--- Work task ---
Would you please transcribe the data in full and exactly, excluding images?

[Collected data entries]
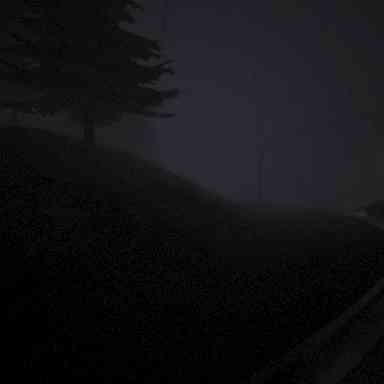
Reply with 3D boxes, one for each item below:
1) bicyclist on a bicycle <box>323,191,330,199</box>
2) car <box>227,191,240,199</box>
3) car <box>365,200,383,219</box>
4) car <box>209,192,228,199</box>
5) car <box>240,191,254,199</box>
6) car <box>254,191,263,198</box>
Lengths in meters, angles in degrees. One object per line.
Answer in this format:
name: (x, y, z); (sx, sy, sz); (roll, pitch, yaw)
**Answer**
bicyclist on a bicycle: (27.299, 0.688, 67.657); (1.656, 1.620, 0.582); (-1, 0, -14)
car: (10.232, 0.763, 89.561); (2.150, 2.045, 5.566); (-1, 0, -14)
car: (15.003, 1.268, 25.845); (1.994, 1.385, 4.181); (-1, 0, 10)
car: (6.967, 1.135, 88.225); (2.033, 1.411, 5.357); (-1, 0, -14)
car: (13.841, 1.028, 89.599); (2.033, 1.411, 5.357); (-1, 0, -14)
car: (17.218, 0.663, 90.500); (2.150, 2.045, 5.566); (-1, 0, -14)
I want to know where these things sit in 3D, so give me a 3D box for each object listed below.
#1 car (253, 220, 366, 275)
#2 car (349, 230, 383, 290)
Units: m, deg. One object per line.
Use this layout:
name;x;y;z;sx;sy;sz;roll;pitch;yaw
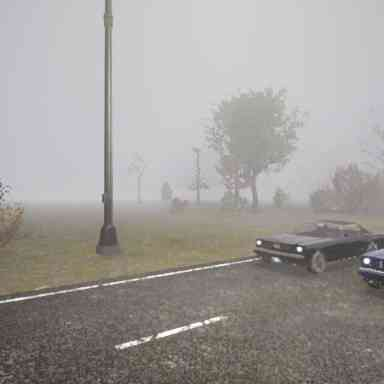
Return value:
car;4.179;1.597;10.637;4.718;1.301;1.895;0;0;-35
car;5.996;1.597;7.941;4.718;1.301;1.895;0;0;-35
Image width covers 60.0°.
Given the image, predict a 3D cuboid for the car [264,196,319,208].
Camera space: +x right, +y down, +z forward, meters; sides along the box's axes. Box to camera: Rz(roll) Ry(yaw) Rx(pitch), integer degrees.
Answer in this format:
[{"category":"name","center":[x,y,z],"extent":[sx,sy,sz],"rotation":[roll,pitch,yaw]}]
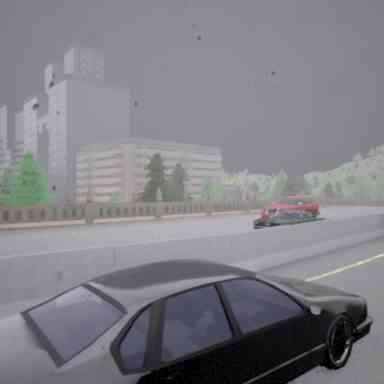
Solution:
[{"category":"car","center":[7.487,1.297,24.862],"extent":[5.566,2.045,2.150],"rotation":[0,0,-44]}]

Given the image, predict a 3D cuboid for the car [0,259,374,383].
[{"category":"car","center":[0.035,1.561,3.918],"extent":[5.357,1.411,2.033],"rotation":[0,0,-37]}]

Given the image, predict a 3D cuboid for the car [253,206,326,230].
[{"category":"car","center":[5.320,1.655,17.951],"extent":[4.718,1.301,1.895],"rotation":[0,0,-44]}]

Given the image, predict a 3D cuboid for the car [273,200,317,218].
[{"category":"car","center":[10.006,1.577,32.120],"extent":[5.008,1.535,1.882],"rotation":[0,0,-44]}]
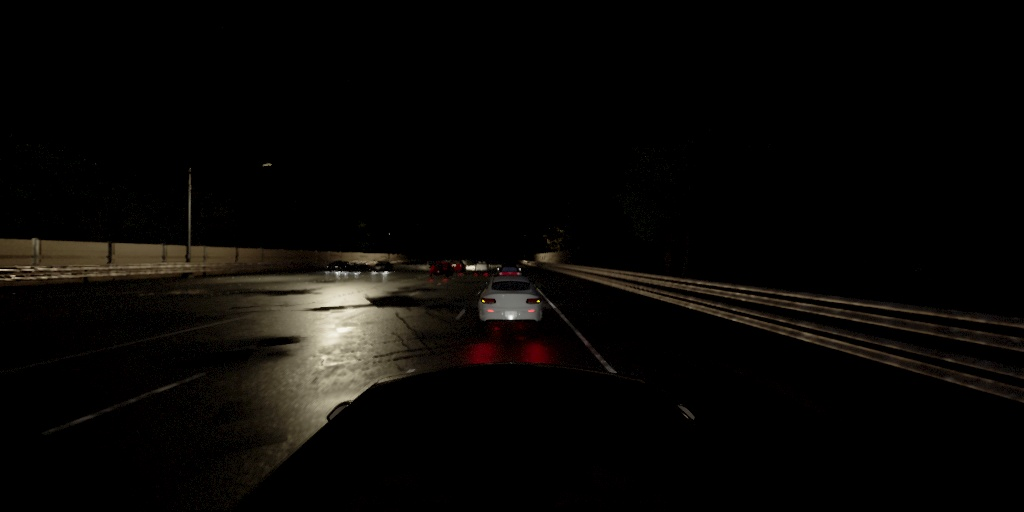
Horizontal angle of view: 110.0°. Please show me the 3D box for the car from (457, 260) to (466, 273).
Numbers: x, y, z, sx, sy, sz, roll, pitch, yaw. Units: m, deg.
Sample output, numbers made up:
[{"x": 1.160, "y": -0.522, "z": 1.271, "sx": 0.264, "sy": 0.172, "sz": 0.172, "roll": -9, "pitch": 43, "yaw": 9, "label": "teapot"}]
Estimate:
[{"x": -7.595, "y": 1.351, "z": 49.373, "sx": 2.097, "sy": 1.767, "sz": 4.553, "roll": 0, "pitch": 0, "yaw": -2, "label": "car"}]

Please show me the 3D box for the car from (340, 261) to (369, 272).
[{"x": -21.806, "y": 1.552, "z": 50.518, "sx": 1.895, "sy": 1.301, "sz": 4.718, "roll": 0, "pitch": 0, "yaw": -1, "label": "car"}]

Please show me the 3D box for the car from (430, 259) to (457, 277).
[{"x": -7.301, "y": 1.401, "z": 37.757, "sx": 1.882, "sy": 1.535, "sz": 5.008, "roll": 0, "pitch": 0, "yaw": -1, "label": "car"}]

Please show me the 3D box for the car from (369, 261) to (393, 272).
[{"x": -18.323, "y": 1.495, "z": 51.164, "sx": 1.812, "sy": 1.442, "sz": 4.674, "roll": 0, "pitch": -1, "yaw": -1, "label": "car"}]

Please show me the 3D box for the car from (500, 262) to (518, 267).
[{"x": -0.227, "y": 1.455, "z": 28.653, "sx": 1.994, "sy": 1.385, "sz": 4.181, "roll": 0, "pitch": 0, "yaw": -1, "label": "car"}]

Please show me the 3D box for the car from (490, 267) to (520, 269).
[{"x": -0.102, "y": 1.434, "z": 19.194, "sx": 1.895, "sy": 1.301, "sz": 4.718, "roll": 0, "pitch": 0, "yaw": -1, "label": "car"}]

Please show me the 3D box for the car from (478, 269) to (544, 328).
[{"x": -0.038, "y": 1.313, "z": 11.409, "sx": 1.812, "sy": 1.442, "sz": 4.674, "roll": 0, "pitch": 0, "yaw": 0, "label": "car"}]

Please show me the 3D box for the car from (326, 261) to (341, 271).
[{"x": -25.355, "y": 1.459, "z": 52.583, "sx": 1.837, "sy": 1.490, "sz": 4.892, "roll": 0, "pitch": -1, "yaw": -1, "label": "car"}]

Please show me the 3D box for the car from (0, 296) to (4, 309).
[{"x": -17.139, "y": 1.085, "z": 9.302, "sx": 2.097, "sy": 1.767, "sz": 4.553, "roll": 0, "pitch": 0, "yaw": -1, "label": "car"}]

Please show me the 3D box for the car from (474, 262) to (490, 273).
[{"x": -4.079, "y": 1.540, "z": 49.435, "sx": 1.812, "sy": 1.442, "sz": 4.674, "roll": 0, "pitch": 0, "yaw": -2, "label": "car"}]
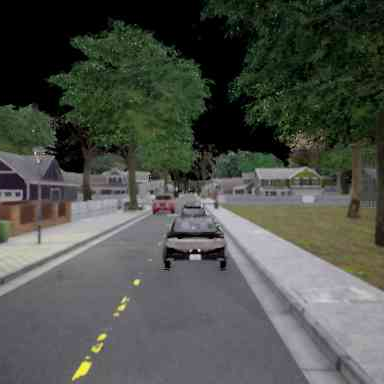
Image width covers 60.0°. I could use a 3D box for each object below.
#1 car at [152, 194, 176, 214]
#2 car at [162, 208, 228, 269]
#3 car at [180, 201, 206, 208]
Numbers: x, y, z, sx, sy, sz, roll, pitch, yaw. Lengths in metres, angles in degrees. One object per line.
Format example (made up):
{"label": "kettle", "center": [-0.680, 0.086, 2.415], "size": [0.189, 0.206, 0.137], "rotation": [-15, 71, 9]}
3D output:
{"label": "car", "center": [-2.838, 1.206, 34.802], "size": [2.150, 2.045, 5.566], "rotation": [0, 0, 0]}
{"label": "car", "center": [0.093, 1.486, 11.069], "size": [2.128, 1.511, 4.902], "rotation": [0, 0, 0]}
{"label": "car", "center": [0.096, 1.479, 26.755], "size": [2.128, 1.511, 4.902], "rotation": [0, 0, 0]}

--- Response ---
Reply with 3D boxes, one for each item below:
1) bicyclist on a bicycle <box>323,191,330,199</box>
2) car <box>227,191,240,199</box>
3) car <box>365,200,383,219</box>
4) car <box>209,192,228,199</box>
5) car <box>240,191,254,199</box>
6) car <box>254,191,263,198</box>
Lengths in meters, angles in degrees. One object per line.
Answer in this format:
name: (x, y, z); (sx, sy, sz); (roll, pitch, yaw)
**Answer**
bicyclist on a bicycle: (27.299, 0.688, 67.657); (1.656, 1.620, 0.582); (-1, 0, -14)
car: (10.232, 0.763, 89.561); (2.150, 2.045, 5.566); (-1, 0, -14)
car: (15.003, 1.268, 25.845); (1.994, 1.385, 4.181); (-1, 0, 10)
car: (6.967, 1.135, 88.225); (2.033, 1.411, 5.357); (-1, 0, -14)
car: (13.841, 1.028, 89.599); (2.033, 1.411, 5.357); (-1, 0, -14)
car: (17.218, 0.663, 90.500); (2.150, 2.045, 5.566); (-1, 0, -14)
I want to know where these things sit in 3D, so give me a 3D box for each object listed below.
#1 car (253, 220, 366, 275)
#2 car (349, 230, 383, 290)
Units: m, deg. One object per line.
Use this layout:
name;x;y;z;sx;sy;sz;roll;pitch;yaw
Return value:
car;4.179;1.597;10.637;4.718;1.301;1.895;0;0;-35
car;5.996;1.597;7.941;4.718;1.301;1.895;0;0;-35
Image width covers 60.0°.
Given the image, predict a 3D cuboid for the car [264,196,319,208].
Camera space: +x right, +y down, +z forward, meters; sides along the box's axes. Box to camera: Rz(roll) Ry(yaw) Rx(pitch), integer degrees.
Answer in this format:
[{"category":"name","center":[x,y,z],"extent":[sx,sy,sz],"rotation":[roll,pitch,yaw]}]
Solution:
[{"category":"car","center":[7.487,1.297,24.862],"extent":[5.566,2.045,2.150],"rotation":[0,0,-44]}]

Given the image, predict a 3D cuboid for the car [0,259,374,383].
[{"category":"car","center":[0.035,1.561,3.918],"extent":[5.357,1.411,2.033],"rotation":[0,0,-37]}]

Given the image, predict a 3D cuboid for the car [253,206,326,230].
[{"category":"car","center":[5.320,1.655,17.951],"extent":[4.718,1.301,1.895],"rotation":[0,0,-44]}]

Given the image, predict a 3D cuboid for the car [273,200,317,218].
[{"category":"car","center":[10.006,1.577,32.120],"extent":[5.008,1.535,1.882],"rotation":[0,0,-44]}]
Horizontal angle of view: 110.0°. Please show me the 3D box for the car from (457, 260) to (466, 273).
Numbers: x, y, z, sx, sy, sz, roll, pitch, yaw. Units: m, deg.
Sample output, numbers made up:
[{"x": 1.160, "y": -0.522, "z": 1.271, "sx": 0.264, "sy": 0.172, "sz": 0.172, "roll": -9, "pitch": 43, "yaw": 9, "label": "teapot"}]
Estimate:
[{"x": -7.595, "y": 1.351, "z": 49.373, "sx": 2.097, "sy": 1.767, "sz": 4.553, "roll": 0, "pitch": 0, "yaw": -2, "label": "car"}]

Please show me the 3D box for the car from (340, 261) to (369, 272).
[{"x": -21.806, "y": 1.552, "z": 50.518, "sx": 1.895, "sy": 1.301, "sz": 4.718, "roll": 0, "pitch": 0, "yaw": -1, "label": "car"}]

Please show me the 3D box for the car from (430, 259) to (457, 277).
[{"x": -7.301, "y": 1.401, "z": 37.757, "sx": 1.882, "sy": 1.535, "sz": 5.008, "roll": 0, "pitch": 0, "yaw": -1, "label": "car"}]

Please show me the 3D box for the car from (369, 261) to (393, 272).
[{"x": -18.323, "y": 1.495, "z": 51.164, "sx": 1.812, "sy": 1.442, "sz": 4.674, "roll": 0, "pitch": -1, "yaw": -1, "label": "car"}]

Please show me the 3D box for the car from (500, 262) to (518, 267).
[{"x": -0.227, "y": 1.455, "z": 28.653, "sx": 1.994, "sy": 1.385, "sz": 4.181, "roll": 0, "pitch": 0, "yaw": -1, "label": "car"}]

Please show me the 3D box for the car from (490, 267) to (520, 269).
[{"x": -0.102, "y": 1.434, "z": 19.194, "sx": 1.895, "sy": 1.301, "sz": 4.718, "roll": 0, "pitch": 0, "yaw": -1, "label": "car"}]

Please show me the 3D box for the car from (478, 269) to (544, 328).
[{"x": -0.038, "y": 1.313, "z": 11.409, "sx": 1.812, "sy": 1.442, "sz": 4.674, "roll": 0, "pitch": 0, "yaw": 0, "label": "car"}]

Please show me the 3D box for the car from (326, 261) to (341, 271).
[{"x": -25.355, "y": 1.459, "z": 52.583, "sx": 1.837, "sy": 1.490, "sz": 4.892, "roll": 0, "pitch": -1, "yaw": -1, "label": "car"}]

Please show me the 3D box for the car from (0, 296) to (4, 309).
[{"x": -17.139, "y": 1.085, "z": 9.302, "sx": 2.097, "sy": 1.767, "sz": 4.553, "roll": 0, "pitch": 0, "yaw": -1, "label": "car"}]

Please show me the 3D box for the car from (474, 262) to (490, 273).
[{"x": -4.079, "y": 1.540, "z": 49.435, "sx": 1.812, "sy": 1.442, "sz": 4.674, "roll": 0, "pitch": 0, "yaw": -2, "label": "car"}]
Image width covers 60.0°. I could use a 3D box for each object below.
#1 car at [152, 194, 176, 214]
#2 car at [162, 208, 228, 269]
#3 car at [180, 201, 206, 208]
Numbers: x, y, z, sx, sy, sz, roll, pitch, yaw. Lengths in metres, angles in degrees. One object per line.
Format example (made up):
{"label": "kettle", "center": [-0.680, 0.086, 2.415], "size": [0.189, 0.206, 0.137], "rotation": [-15, 71, 9]}
3D output:
{"label": "car", "center": [-2.838, 1.206, 34.802], "size": [2.150, 2.045, 5.566], "rotation": [0, 0, 0]}
{"label": "car", "center": [0.093, 1.486, 11.069], "size": [2.128, 1.511, 4.902], "rotation": [0, 0, 0]}
{"label": "car", "center": [0.096, 1.479, 26.755], "size": [2.128, 1.511, 4.902], "rotation": [0, 0, 0]}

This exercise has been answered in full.